Same-Day Settlement and Payment
 
Settlement for the debt securities will be made in immediately available or same-day funds. So long as the debt securities are represented by the global securities, we will make all payments of principal and interest in immediately available funds.
 
So long as the debt securities are represented by the global securities registered in the name of DTC or its nominee, the debt securities will trade in DTC’s Same-Day Funds Settlement System. DTC will require secondary market trading activity in the debt securities represented by the global securities to settle in immediately available or same-day funds on trading activity in the debt securities.
 
Concerning our Relationship with Trustee
 
The Bank of New York Trust Company, N.A. serves as Trustee under the Indenture, including with respect to certain other debt securities that have been issued pursuant to the Indenture. On July 2, 2007, The Bank of New York Company completed its merger with Mellon Financial Corporation, creating The Bank of New York Mellon Corporation. In addition to The Bank of New York Trust Company, N.A. serving as Trustee, the Company has the following relationships with affiliates of The Bank of New York Mellon Corporation as a result of the merger. One affiliate, Mellon Bank, N.A., is a participant in the Company’s $400 million revolving credit agreement that expires May 23, 2010. Mellon Bank, N.A.’s share is $20 million. Mellon Bank, N.A. also provides treasury services to the Company, including disbursing accounts, lockboxes and investment services.
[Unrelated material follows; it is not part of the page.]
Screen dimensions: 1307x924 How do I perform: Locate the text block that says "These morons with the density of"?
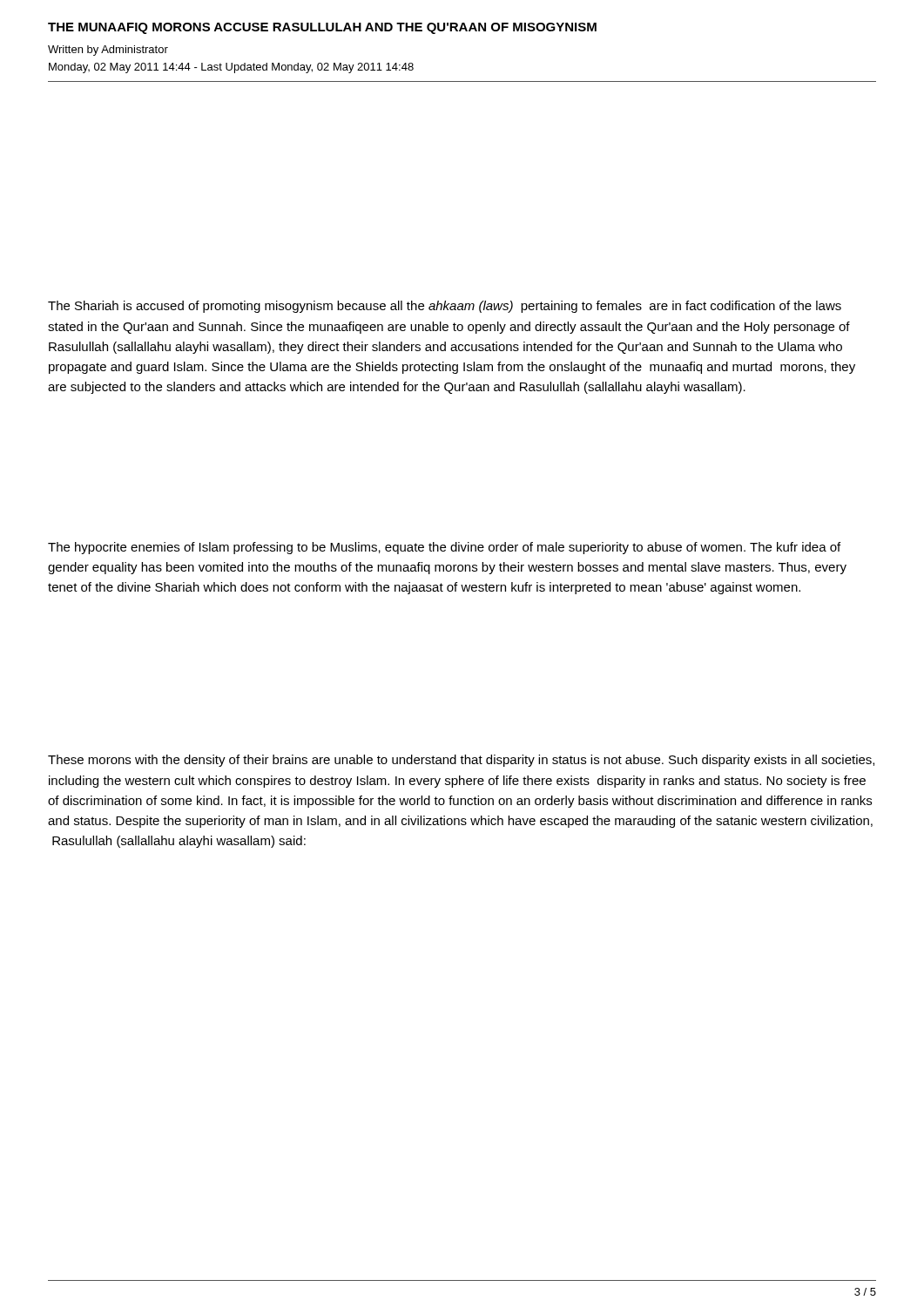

Another affiliate of The Bank of New York Mellon Corporation, Mellon Investor Services, provides stock registrar and transfer agent services to the Company. Mellon Bank, N.A. and Three River Funding Corporation, also an affiliate of The Bank of New York Mellon Corporation, participate in the Company’s accounts receivable securitization facility, providing $100 million of the $200 million facility.
 
Governing Law
 
The Indenture and the debt securities will be governed by and construed in accordance with the laws of the State of New York.
 
Taxation
 
Any material U.S. federal income tax consequences relating to the purchase, ownership and disposition of any of the debt securities offered by this prospectus will be set forth in the prospectus supplement offering those debt securities.
 
Plan of Distribution
 
We may offer and sell the debt securities in any one or more of the following ways from time to time on a delayed or continuous basis:
 
  •  to or through underwriters;
 
  •  to or through dealers;
 
  •  through agents;
 
  •  directly to purchasers, including our affiliates;
 
  •  through any combination of these methods of sale; or
 
  •  through any other method described in a prospectus supplement.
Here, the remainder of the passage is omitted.